Koreas Wirtschaftsgeschichte ist eng an seine Nachbarn gekoppelt. Während des Mittelalters fungierten chinesische Kupfermünzen oft als Handelsware, wurden aber in Korea nicht immer akzeptiert oder waren schwer zu verarbeiten. Silber blieb das bevorzugte Metall für größeren Handel, während Gold eine Luxusrolle spielte.
Bereits im 17. und 18. Jahrhundert erließ Joseon Dekrete zur Einführung eigener Münzsysteme unter dem chinesischen Einfluss des Tongbo-Modells (Kupfergeld). Diese frühen Stücke zeigen das ständige Ringen, eigene ästhetische Prägnanz zu bewahren.
Mit der japanischen Invasion und Besetzung im 20. Jahrhundert durchlebte die numismatische Landschaft einen radikalen Wandel: Viele Münzstätten wurden demografisch und industriell von Japan übernommen oder neu gestaltet. Dies resultierte in einer Ära, in der koreanische Währungen oft stark stilisiert nach westlichen Mustern geprägt waren.
Nach 1945 wurde die Eigenständigkeit endgültig betont. Die neue Regierung etablierte das Won als offizielle Währung und begann damit, eine eigene künstlerische Identität zu formen. Der Druck von Silbermünzen nahm in den folgenden Dekaden massiv zu, was Sammlern heute hervorragende Bedingungen für hochwertige Exemplare bietet.
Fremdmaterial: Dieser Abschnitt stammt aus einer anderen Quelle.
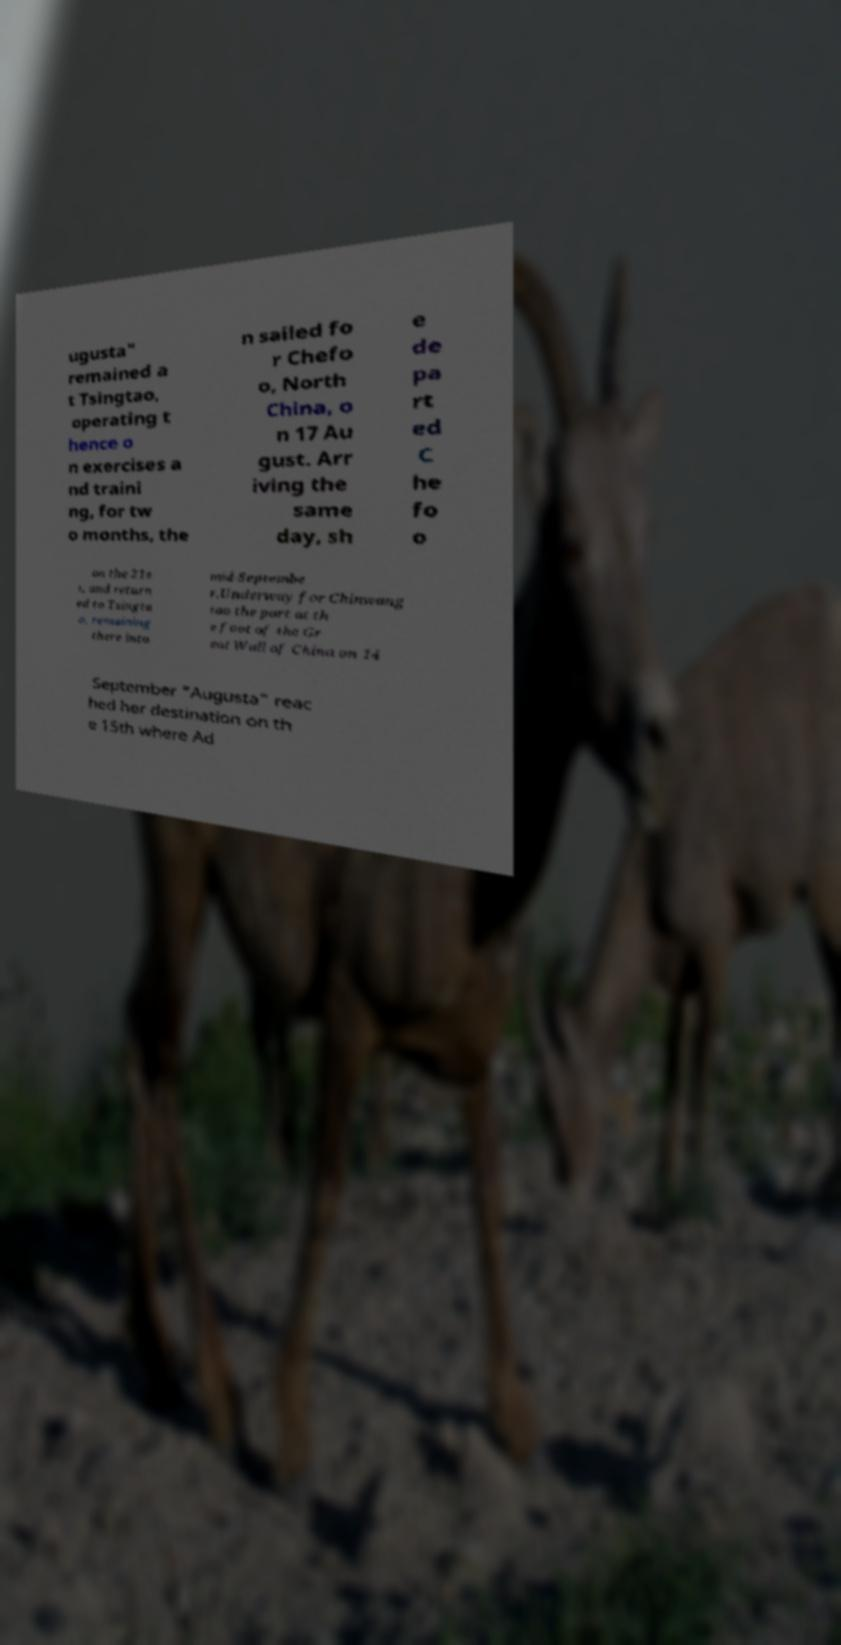Please read and relay the text visible in this image. What does it say? ugusta" remained a t Tsingtao, operating t hence o n exercises a nd traini ng, for tw o months, the n sailed fo r Chefo o, North China, o n 17 Au gust. Arr iving the same day, sh e de pa rt ed C he fo o on the 21s t, and return ed to Tsingta o, remaining there into mid-Septembe r.Underway for Chinwang tao the port at th e foot of the Gr eat Wall of China on 14 September "Augusta" reac hed her destination on th e 15th where Ad 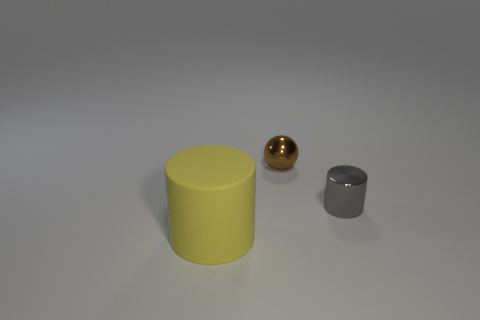Add 1 large yellow balls. How many objects exist? 4 Subtract all balls. How many objects are left? 2 Subtract 0 purple balls. How many objects are left? 3 Subtract all metallic cylinders. Subtract all spheres. How many objects are left? 1 Add 3 yellow matte cylinders. How many yellow matte cylinders are left? 4 Add 2 brown metallic things. How many brown metallic things exist? 3 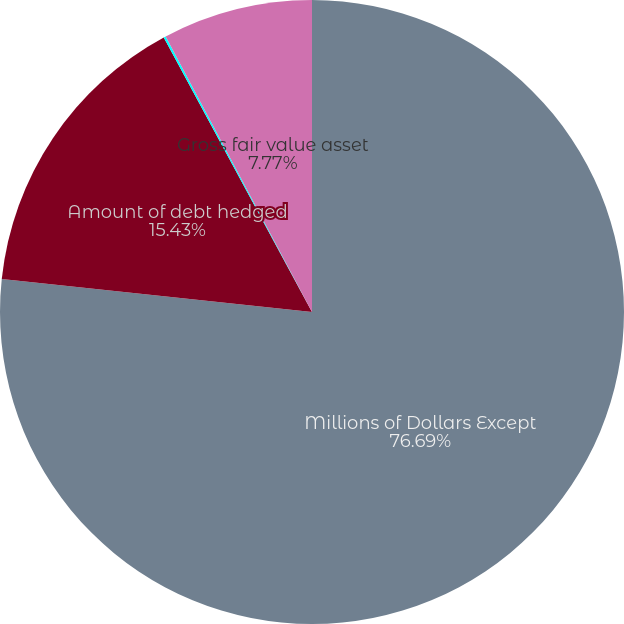<chart> <loc_0><loc_0><loc_500><loc_500><pie_chart><fcel>Millions of Dollars Except<fcel>Amount of debt hedged<fcel>Percentage of total debt<fcel>Gross fair value asset<nl><fcel>76.69%<fcel>15.43%<fcel>0.11%<fcel>7.77%<nl></chart> 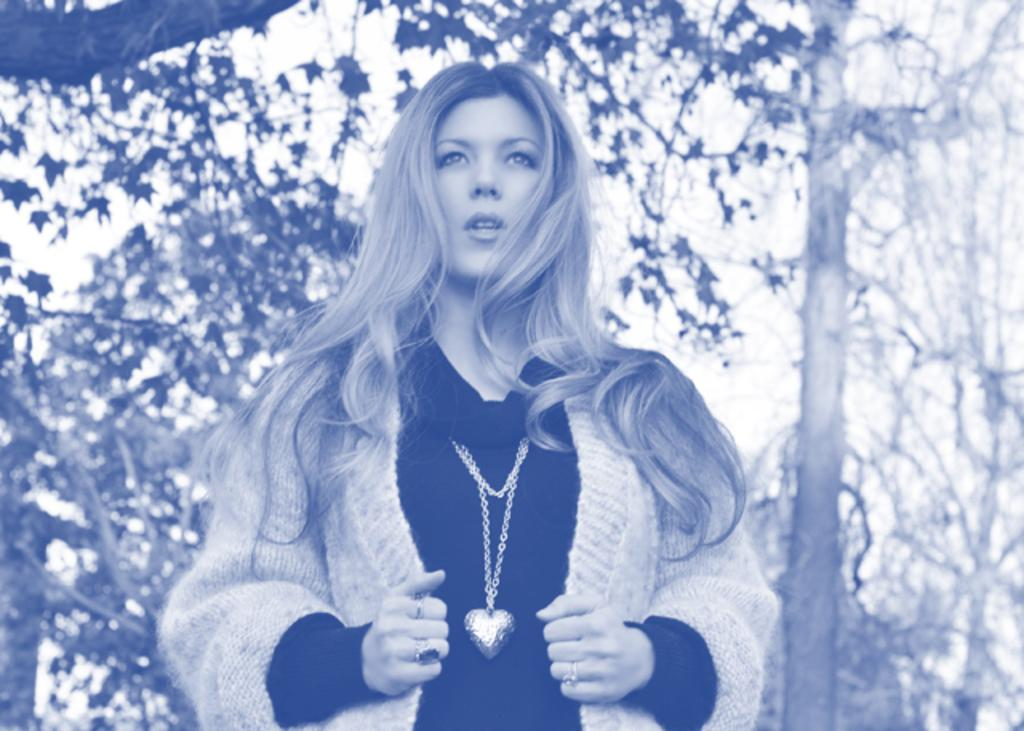Who is the main subject in the image? There is a lady in the image. What is the lady wearing in the image? The lady is wearing a coat and a chain. What can be seen in the background of the image? There are trees in the background of the image. Can you tell me how many basketballs are visible in the image? There are no basketballs present in the image. What type of hair does the lady have in the image? The provided facts do not mention the lady's hair, so we cannot determine her hair type from the image. 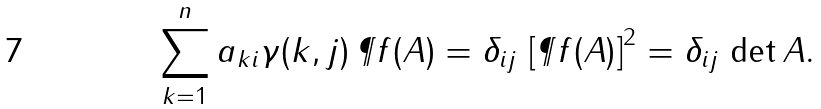Convert formula to latex. <formula><loc_0><loc_0><loc_500><loc_500>\sum _ { k = 1 } ^ { n } a _ { k i } \gamma ( k , j ) \, \P f ( A ) = \delta _ { i j } \, \left [ \P f ( A ) \right ] ^ { 2 } = \delta _ { i j } \, \det A .</formula> 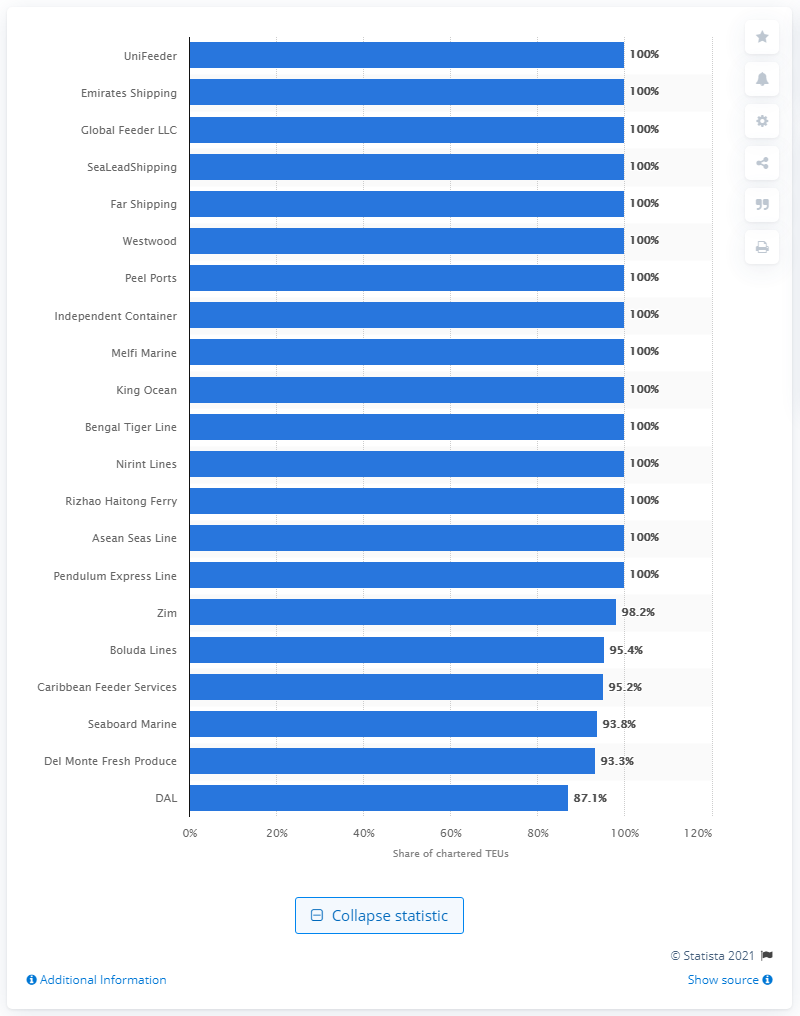Mention a couple of crucial points in this snapshot. Del Monte Fresh Produce chartered 93.8% of the total capacity that was available for charter.

Korea verfügte nie über riesige Netzwerke an staatlichen Prägemeister wie seine römischen oder chinesischen Nachbarn. Stattdessen konzentrierte sich die Produktion auf spezifische, zentralisierten Anstalten für Währungsgold- und Silbereinsatz sowie später Kupfergeld.
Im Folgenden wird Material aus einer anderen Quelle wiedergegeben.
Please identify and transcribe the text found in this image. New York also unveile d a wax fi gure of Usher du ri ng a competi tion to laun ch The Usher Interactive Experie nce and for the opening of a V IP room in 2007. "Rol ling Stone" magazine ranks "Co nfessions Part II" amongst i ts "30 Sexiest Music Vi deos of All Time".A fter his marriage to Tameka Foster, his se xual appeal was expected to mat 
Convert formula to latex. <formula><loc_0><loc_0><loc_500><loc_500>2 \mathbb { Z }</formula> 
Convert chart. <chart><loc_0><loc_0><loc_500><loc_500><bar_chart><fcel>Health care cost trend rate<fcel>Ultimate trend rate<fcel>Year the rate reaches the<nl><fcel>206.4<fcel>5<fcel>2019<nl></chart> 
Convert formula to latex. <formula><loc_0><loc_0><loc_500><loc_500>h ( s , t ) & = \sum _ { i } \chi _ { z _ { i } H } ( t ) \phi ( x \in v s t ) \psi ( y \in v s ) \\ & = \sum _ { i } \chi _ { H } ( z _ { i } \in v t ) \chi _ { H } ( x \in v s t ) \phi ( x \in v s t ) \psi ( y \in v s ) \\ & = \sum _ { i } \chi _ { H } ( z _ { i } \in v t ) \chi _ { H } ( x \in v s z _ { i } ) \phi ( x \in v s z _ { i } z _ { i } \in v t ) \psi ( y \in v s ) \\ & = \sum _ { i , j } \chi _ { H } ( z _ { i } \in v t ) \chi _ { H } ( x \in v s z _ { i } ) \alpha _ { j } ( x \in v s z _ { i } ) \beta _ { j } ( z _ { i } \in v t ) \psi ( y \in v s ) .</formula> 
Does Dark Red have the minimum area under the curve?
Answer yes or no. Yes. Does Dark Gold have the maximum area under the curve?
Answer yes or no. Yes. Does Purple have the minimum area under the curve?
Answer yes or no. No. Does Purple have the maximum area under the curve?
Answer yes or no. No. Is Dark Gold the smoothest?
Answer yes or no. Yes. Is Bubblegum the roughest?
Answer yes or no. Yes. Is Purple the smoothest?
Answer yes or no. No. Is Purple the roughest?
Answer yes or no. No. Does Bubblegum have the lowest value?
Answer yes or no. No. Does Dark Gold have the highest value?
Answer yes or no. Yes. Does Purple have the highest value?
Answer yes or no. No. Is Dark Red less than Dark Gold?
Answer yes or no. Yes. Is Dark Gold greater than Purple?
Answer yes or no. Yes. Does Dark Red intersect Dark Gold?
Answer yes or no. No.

Eine Besonderheit der koreanischen Münzprägung ist die Kunst des „Silberhandels". Auch wenn man heute von Münzen spricht, muss in antiken Kontexten oft an Barren gedacht werden. Diese wurden jedoch so verarbeitet, dass sie als Statussymbol dienten.
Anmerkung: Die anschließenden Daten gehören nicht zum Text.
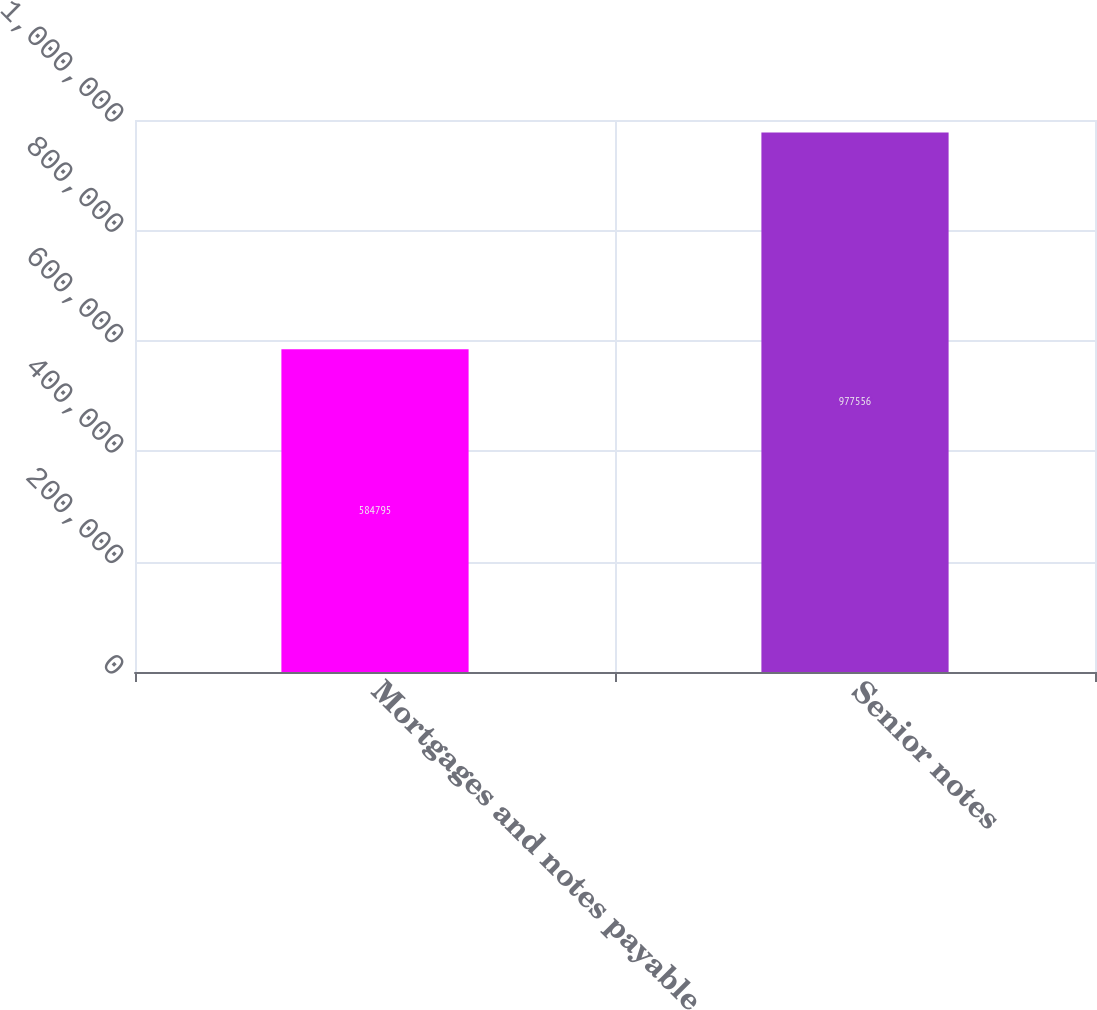Convert chart to OTSL. <chart><loc_0><loc_0><loc_500><loc_500><bar_chart><fcel>Mortgages and notes payable<fcel>Senior notes<nl><fcel>584795<fcel>977556<nl></chart>

In den modernen Ämeen nach dem Ende der Besatzungszeit wurde eine neue Technologie eingeführt: Die Prägestempel kamen aus führenden Zentren für Münzproduktion weltweit herein und veränderten das Erscheinungsbild radikal.
Das Design einer Korea-Münz ist nie zufällig, sondern stets tief mit der Kultur verknüpft. Die Sonne als Symbol der Macht und Erneuerung dominiert viele Designs auf dem Kopf von Taegukgi (Nord-Süd). Auch traditionelle Motive wie die Geige oder das Kalligraphie-Tatouage finden ihren Platz.
Für den Kurator ist es wichtig zu verstehen, dass jeder Münze einen kulturellen Kontext verleiht. Eine Silbermünz aus den 1960er Jahren erzählt von der Hoffnung auf wirtschaftlichen Aufschwung nach dem Kriegsende und symbolisiert somit mehr als nur metallischen Wert.
Korea bietet heute eine einzigartige Sammlung an Numismatik, die sowohl historisch tiefgründig als auch technisch herausfordernd ist. Die seltene Silbermünzen aus der Ära vor 1945 und das reichhaltige Design-Spektrum nach 1960 machen dieses Land zu einem Schatzkammer für den Liebhaber von seltenen Artefakten.
Jedes Stück erzählt vom Aufstieg, dem Niedergang und Wiederaufstieg eines Volkes. Wer heute eine alte Silbermünz in die Hand nimmt, berührt nicht nur Metall, sondern das Gedächtnis einer ganzen Nation, deren Sprache noch bis heute von Generation zu Generation weitergegeben wird.